Il faisait toujours cela. D’une simple dispute sur des choses futiles, il me reprochait ma personne entière, qui j’étais, qui je voulais être et ce que je désirais. « Oui, Theia, tu ne penses qu’à toi ! Jamais tu ne fais attention à ce que je veux, moi ! » et bla-bla-bla. J’étais égoïste parce que je voulais manger des épinards ce soir-là.

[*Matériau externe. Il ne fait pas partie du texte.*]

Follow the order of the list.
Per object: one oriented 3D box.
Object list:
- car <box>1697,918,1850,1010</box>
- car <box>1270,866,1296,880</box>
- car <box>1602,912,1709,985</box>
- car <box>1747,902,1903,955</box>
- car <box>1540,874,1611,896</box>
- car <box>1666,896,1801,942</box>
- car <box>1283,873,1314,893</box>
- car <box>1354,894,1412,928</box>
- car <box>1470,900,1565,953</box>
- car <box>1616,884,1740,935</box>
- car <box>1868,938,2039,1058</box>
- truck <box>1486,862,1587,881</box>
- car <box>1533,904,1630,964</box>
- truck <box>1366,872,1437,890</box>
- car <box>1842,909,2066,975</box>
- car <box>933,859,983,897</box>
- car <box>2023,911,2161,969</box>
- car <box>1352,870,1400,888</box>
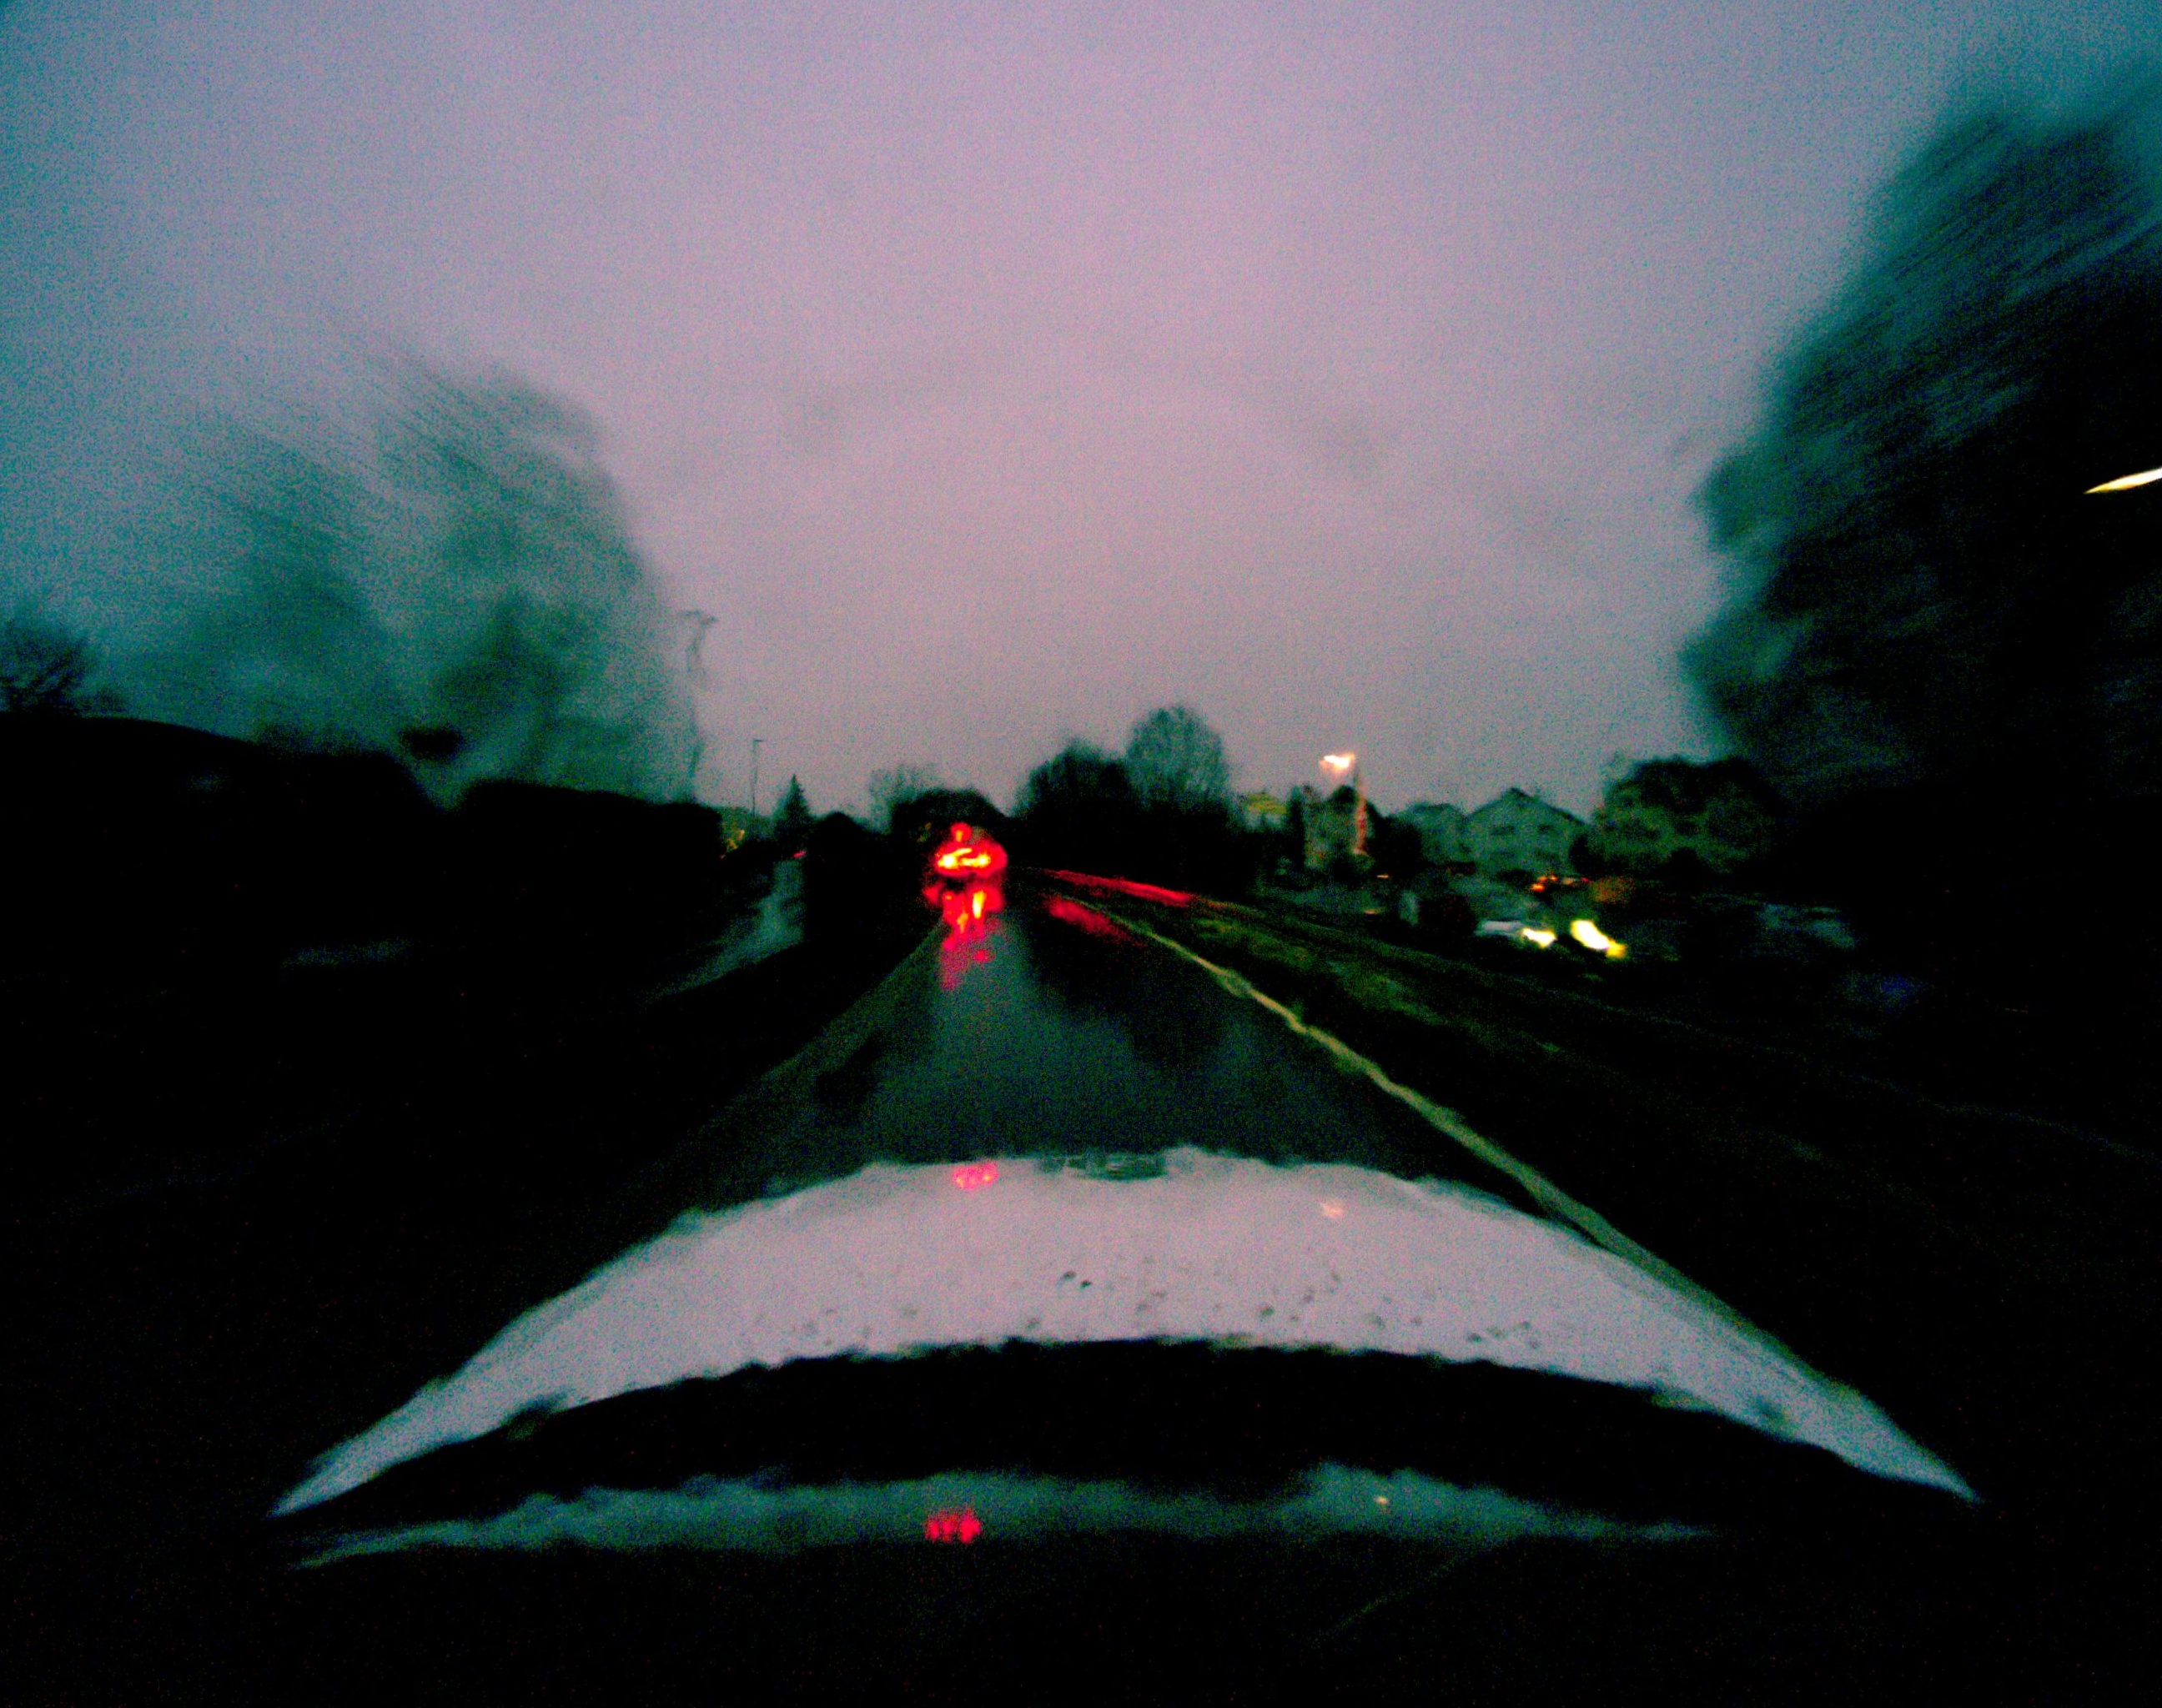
[{"bbox_3d":[15.202,2.268,17.791,4.612,1.455,1.908,1,-1,-42],"label":"car"},{"bbox_3d":[23.278,2.151,93.865,1.891,1.486,4.024,-1,-1,29],"label":"car"},{"bbox_3d":[14.991,2.368,21.170,1.611,1.420,4.023,-1,0,45],"label":"car"},{"bbox_3d":[24.904,2.434,27.353,1.577,1.430,3.716,0,0,-41],"label":"car"},{"bbox_3d":[31.635,1.957,52.213,3.803,1.323,1.785,-1,0,28],"label":"car"},{"bbox_3d":[24.684,2.429,30.925,1.576,1.430,3.719,0,0,-37],"label":"car"},{"bbox_3d":[17.690,2.353,66.426,1.926,1.547,4.008,-1,0,7],"label":"car"},{"bbox_3d":[13.941,2.601,37.498,1.373,1.313,3.229,-1,0,43],"label":"car"},{"bbox_3d":[14.882,2.386,27.705,1.775,1.439,4.023,-1,0,45],"label":"car"},{"bbox_3d":[24.969,2.261,34.143,3.985,1.868,1.733,0,0,45],"label":"car"},{"bbox_3d":[15.710,2.442,14.669,4.202,1.396,1.881,-1,-1,-42],"label":"car"},{"bbox_3d":[44.741,1.705,80.214,8.553,1.815,2.430,-1,0,30],"label":"truck"},{"bbox_3d":[15.042,2.322,24.392,1.611,1.420,4.023,-1,0,45],"label":"car"},{"bbox_3d":[28.979,2.430,73.681,5.716,1.547,1.955,-1,0,28],"label":"truck"},{"bbox_3d":[24.793,2.434,23.333,1.756,1.425,4.264,0,0,-43],"label":"car"},{"bbox_3d":[-6.020,1.135,39.663,1.948,1.718,3.979,1,-1,-15],"label":"car"},{"bbox_3d":[29.127,2.381,22.572,3.791,1.352,1.578,0,0,44],"label":"car"},{"bbox_3d":[27.890,2.359,77.029,3.949,1.661,1.955,-1,0,28],"label":"car"}]

Les tons augmentaient, la dispute devint plus profonde, nous nous menacions de quitter l’autre. Des paroles en l’air. Jamais nous l’aurions fait. Mais c’était une sorte de chantage toxique qu’on faisait pour créer un déclic chez l’autre. Ne faites jamais cela. C’est le début d’une relation violente psychologiquement.
Clac.
Je m’étais pris une gifle. Violemment. Sans que je ne comprenne pourquoi. J’étais bouche bée. Paralysée. Totalement stoïque. Ma tête était encore tournée vers l’impulsion de la gifle, je n’avais pas bougé d’un millimètre. Des mèches de cheveux parcouraient mon front jusqu’à mon menton, passant par mon nez. Ma respiration était coupée. Nette. Bloquée. Coincée. Mon cœur avait cessé de battre l’espace de quelques secondes.

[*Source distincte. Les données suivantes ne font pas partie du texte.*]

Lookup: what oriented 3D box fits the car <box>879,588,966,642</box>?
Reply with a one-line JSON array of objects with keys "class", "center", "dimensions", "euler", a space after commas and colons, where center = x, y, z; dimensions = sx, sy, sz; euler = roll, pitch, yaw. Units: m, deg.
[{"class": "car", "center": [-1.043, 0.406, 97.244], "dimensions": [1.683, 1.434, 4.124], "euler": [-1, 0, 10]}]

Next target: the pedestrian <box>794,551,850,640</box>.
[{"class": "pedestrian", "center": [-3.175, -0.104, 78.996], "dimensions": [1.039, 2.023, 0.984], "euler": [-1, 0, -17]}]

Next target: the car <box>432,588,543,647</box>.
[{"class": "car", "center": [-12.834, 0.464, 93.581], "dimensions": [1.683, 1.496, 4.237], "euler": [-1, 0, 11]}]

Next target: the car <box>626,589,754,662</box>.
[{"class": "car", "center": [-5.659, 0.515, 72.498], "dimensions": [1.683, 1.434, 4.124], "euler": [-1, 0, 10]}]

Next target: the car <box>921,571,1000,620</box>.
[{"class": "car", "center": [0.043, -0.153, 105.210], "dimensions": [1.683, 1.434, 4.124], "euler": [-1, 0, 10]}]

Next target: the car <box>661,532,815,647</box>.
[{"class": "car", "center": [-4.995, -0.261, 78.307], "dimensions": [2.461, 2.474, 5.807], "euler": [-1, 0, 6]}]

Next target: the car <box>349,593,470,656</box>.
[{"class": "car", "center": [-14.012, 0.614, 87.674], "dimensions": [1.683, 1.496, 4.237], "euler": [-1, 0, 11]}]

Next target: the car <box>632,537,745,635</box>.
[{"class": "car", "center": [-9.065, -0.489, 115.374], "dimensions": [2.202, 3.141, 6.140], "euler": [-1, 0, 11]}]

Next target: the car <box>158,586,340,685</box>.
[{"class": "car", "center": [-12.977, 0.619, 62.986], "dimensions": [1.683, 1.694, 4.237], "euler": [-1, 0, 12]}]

Il était tout aussi pétrifié que moi. Il ne réalisait pas ce qu’il venait de faire. Ce ne fut que lorsque je redressais ma tête et que je plaçais mes cheveux derrière mon oreille qu’il s’effondra au sol. « Je suis désolé. Je regrette tellement. Je ne sais pas ce qu’il s’est passé. Je m’en veux terriblement. ». Moi aussi, j’étais désolée. Désolée de l’avoir pardonné. De l’avoir cru. D’avoir pensé qu’il ne le referait plus jamais. Que ce n’était qu’une fois. Juste une.
Puis il a recommencé. Une fois. Deux fois. Dix fois. D’abord des gifles, puis des bousculades, puis des coups de poings en plein visage. Et je voulais le quitter, m’en sortir, ne pas finir comme toutes ces femmes battues sous emprise. Mais c’était trop tard. Dès lors que je l’avais pardonné la première fois, j’avais loupé le coche. J’étais comme elles. À l’excuser, à m’excuser. Ce n’était pas de sa faute, c’était de la mienne. Car c’était ce qu’il me répétait sans cesse : « Tu vois ce que tu me fais faire ! ». Je n’étais pas assez parfaite pour lui. Je n’étais pas assez féminine, douce, délicate, femme au foyer, bosseuse. Je vous le jure, on ne s’en sortait qu’une fois morte.
Jusqu’au jour où il m’a tabassé en me laissant pour morte dans le salon, à terre, baignant dans mon sang. Là, j’ai eu ce fameux déclic. Je m’étais dit : s’il ne me tue pas aujourd’hui, il le fera demain. Alors un soir, pendant qu’il était en mission pour son travail, j’ai fait mes valises et celles de ma fille et nous sommes parties. Loin. Très loin. À l’autre bout de la France. J’ai tout abandonné : ma famille, mes amis, mon métier. Mais ce n’était rien comparé à la saveur d’être en vie.